Why does the Kruskal Wallis test shows a difference but Wilcoxon doesn´t find any between the groups, even tough the rank medians which are tested as far as I know look very different, and Dunn test as post hoc finds a difference?
Does it have to do with sample size n<5 so no chi-squared distribution?
Here is my test data for R + dunn.test library
test <- data.frame(TR=c("A","B","A","A","C","B","B","C","C","D","D","D"),REP=c(3,1,1,2,3,2,3,1,2,1,3,2),VAL=c(22,88,24,38,24,72,72,29,15,14,21,17))
attach(test)
boxplot(VAL~TR)
TR<-as.factor(TR)
shapiro.test(VAL)
kruskal.test(VAL~TR)
pairwise.wilcox.test(VAL,TR,p.adj='bonferroni')
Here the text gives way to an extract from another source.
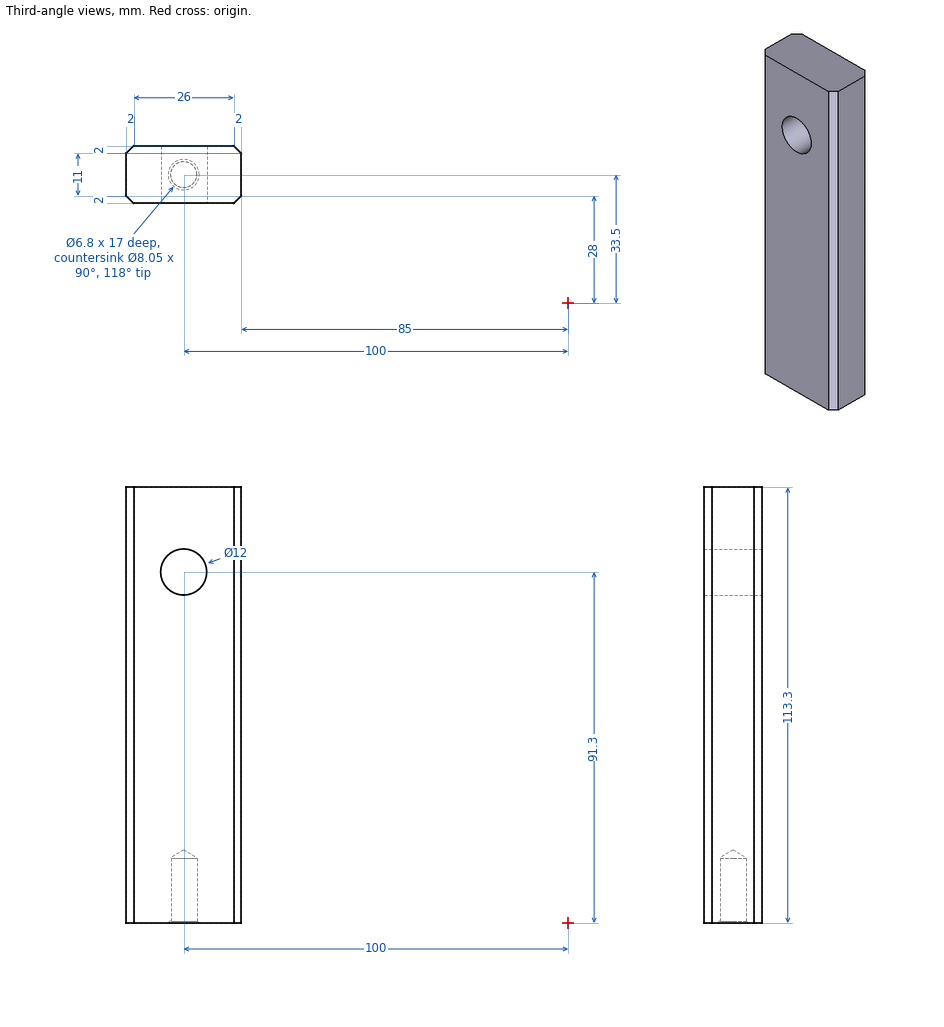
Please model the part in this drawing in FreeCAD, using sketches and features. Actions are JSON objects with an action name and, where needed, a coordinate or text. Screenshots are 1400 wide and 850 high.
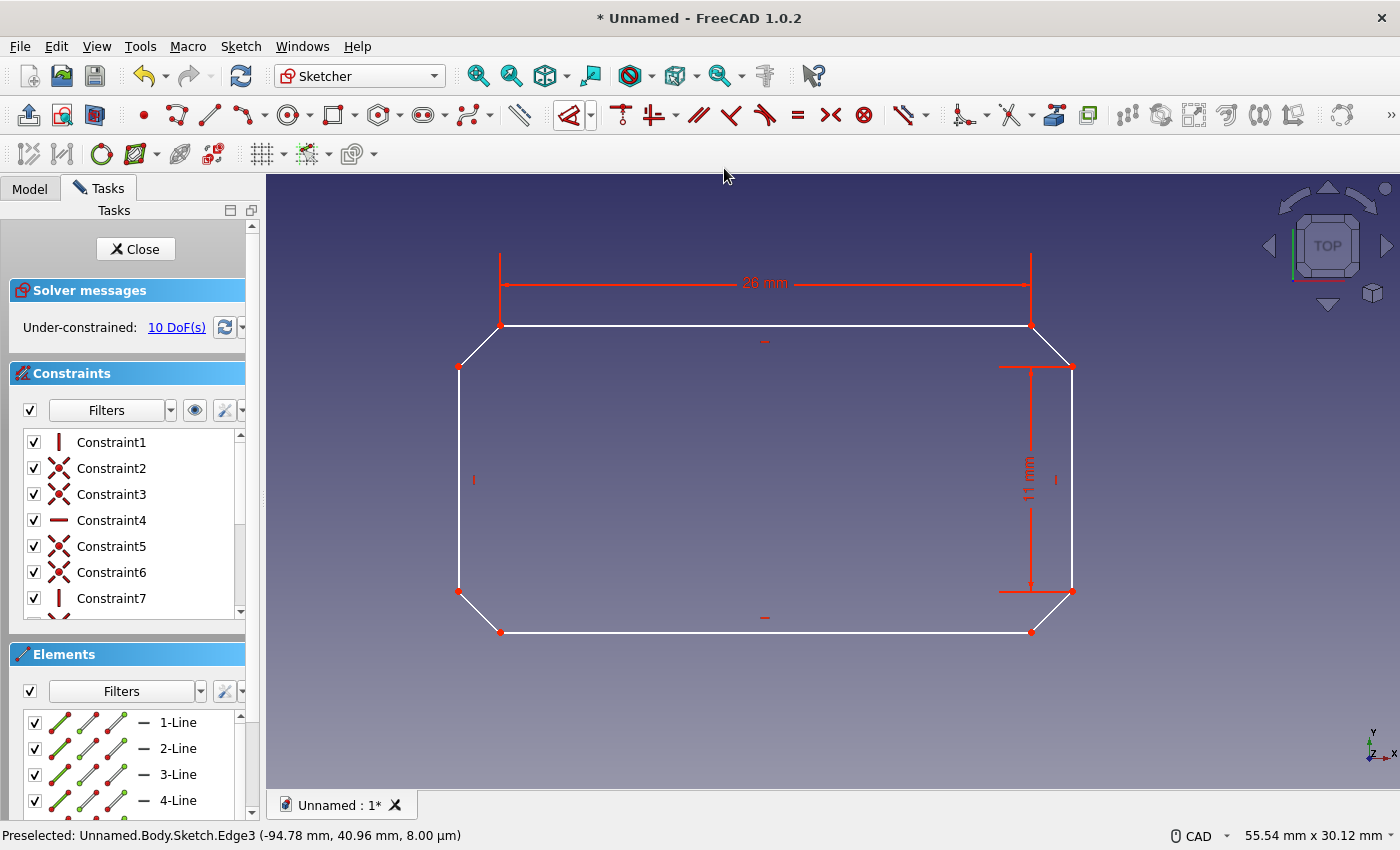
{"action": "left_click", "coordinate": [459, 434]}

dunn.test(VAL,TR, method = "bonferroni",altp=TRUE)
Best Answer
The Mann-Whitney-Wilcoxon rank-sum test is inappropriate for post hoc pairwise tests following the rejection of the Kruskal-Wallis null hypothesis because
(1) the rank-sum test uses different rankings of the data than were used in the Kruskal-Wallis test
(2) the rank-sum test does not use the pooled variance estimate implied by the Kruskal-Wallis null hypothesis.
By contrast Dunn's test (and the more powerful Conover-Iman test) do use the same rankings, and do use pooled variance estimates. We would therefore not expect to be surprised when the results of the rank-sum and the actual post hoc tests do differ.